Ballad of a Bumble Bee Trapped in Honey
That dizzying last summer they explored the one billion possibilities of bumblebee assassination. They learned lacing the curb with Dr. Pepper to lure them under a false pretense of sweetness was easiest, most merciful, for the shadows of their black devil shoe soles were guillotine-swift, triple-quick to evict the poor souls from their black and yellow striped cages. What the hell is beeswax anyways? they wondered, watching the furry beasts writhe in Wite-out on paper plates, or rattle in plastic Tupperware tombs. They put them in ice trays in the freezer and waited, called it a science experiment while Count Chocula plinked into her cereal bowl and the milk sloshed everywhere and she ate it with a fork. She was just that kind of girl. Then she squeezed half a bottle of honey into the empty bowl and funneled a baby bee through a rolled up magazine, and for the first time in his life he felt guilty for their senseless sin. Don’t bees smell fear? he said, and she shook her head. If they smell fear, surely they suffer fear themselves.

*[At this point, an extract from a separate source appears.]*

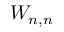Convert formula to latex. <formula><loc_0><loc_0><loc_500><loc_500>W _ { n , n }</formula> 
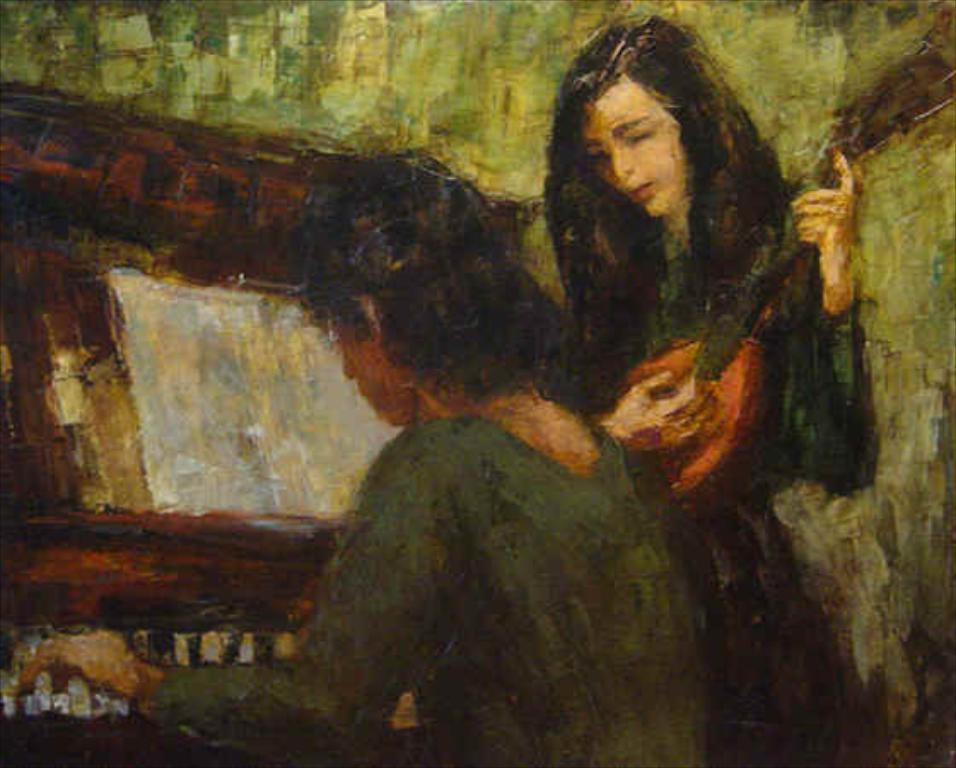How many people are in the image? There are two women in the image. What are the women doing in the image? One woman is playing the guitar, and the other woman is playing the piano. What color is the wall in the background of the image? The wall in the background of the image is green. What type of adjustment does the piano need in the image? There is no indication in the image that the piano needs any adjustment. What thought is the woman playing the guitar having while performing? We cannot determine the thoughts of the woman playing the guitar from the image alone.

He asked her to stop and she told him it was no use, it was too late. As he struggled to rescue their tiny prisoner from his undeserved fate with a pair of tweezers, he didn’t see her approaching with the hammer. All he saw were the gooey guts on the blunt edge embedded in amber ooze, a broken bowl wobbling across the tiles, her vile curvature of lips and teeth. Let’s go to your house, she said then, mentioning how her father would soon be home, and though he agreed he was secretly angry with her. So as they sagged their way there, dragging their bag of bones through the apricot dusk with its inferno flash sweating sugar-heat, he took flight through the tall grass, left her at the halfway mark on the hill. He thought he saw her sticky fingers waving goodbye the night she went home and never came back.
Forgive me, years later he would think: I was too young to smell your fear.